Super-resolution with a realistic LR image (Soldier, the up-sampling factor is 2). Left to right: LR image, non-blind ANR (Levin et al. 2011b), Michaeli and Irani (2013), and our proposed method

6 Conclusions

This paper concentrates on the topic of single image blind restoration including both the intensively stuided blind deconvolution and the largely ignored blind super-resolution. It is empirically demonstrated that the two imaging tasks can be formulated in a common regularization perspective while differing in how we could deal well with the problem of jagging artifacts along the salient edges, about which our introduced convolutional consistency constraint is proved a preliminary candidate. With this finding, single image blind restoration amounts to a proper image prior for pursuing the salient edges as core clues to kernel estimation. Inspired by the recent several efforts on unnatural image modeling for blind image deblurring, this paper proposes a simple, yet effective modification strategy to Bredies et al.’s total generalized variation model (Bredies et al. 2010), which has been successfully harnessed for denoising and non-blind deconvolution and super-resolution.
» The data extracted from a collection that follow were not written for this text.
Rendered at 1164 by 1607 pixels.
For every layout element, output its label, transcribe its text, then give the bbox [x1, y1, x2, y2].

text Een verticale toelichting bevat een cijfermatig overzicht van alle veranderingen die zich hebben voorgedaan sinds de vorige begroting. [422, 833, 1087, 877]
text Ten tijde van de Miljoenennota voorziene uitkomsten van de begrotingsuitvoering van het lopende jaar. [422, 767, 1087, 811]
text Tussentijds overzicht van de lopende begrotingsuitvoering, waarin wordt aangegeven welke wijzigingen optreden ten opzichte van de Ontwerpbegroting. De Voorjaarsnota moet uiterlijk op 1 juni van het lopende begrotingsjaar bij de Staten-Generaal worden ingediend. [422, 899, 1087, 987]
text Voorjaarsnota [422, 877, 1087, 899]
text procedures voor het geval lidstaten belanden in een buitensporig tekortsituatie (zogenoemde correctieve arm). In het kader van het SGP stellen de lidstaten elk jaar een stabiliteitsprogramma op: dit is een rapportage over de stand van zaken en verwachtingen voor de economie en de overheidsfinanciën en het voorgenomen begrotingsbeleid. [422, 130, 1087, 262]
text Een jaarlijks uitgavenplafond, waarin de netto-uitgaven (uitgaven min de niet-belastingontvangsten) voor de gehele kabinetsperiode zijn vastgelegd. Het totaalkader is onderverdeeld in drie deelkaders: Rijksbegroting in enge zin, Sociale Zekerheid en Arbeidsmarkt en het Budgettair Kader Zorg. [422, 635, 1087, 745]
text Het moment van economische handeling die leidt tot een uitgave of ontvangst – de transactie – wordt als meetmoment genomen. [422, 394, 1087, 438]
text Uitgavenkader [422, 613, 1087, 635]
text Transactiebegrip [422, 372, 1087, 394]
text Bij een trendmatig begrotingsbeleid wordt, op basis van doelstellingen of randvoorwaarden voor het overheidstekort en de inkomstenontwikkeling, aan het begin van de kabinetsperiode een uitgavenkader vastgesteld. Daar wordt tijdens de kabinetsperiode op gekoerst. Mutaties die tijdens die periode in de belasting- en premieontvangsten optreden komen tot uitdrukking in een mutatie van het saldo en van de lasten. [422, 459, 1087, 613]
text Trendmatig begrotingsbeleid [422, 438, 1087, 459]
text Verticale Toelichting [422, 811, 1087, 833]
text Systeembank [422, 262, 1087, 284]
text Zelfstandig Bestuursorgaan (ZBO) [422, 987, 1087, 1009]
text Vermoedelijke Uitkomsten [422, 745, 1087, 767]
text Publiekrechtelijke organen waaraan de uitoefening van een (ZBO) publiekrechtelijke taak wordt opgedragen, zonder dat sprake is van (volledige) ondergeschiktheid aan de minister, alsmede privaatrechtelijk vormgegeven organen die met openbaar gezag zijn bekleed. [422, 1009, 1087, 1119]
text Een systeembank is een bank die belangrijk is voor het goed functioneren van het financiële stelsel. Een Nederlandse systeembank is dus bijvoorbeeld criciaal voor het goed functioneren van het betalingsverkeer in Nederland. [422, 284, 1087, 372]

Specifically, a new L₀–L₁-norm-based image regularization is introduced as an unnatural prior for blur kernel estimation. To the best of our knowledge, ours has been the first paper touching the blind deblurring task by use of total generalized variation in a critical perspective. With the new image model, a maximum a posterior formulation is established for blind deconvolution as well as blind super-resolution. The estimated kernels and final images in both tasks demonstrate well the feasibility and effectiveness of our proposed approach, and also its advantage over state-of-the-art methods in terms of estimation accuracy. Lastly, motivated by this paper, we wish to establish a better bridge between blind deblurring and blind super-resolution in the near future.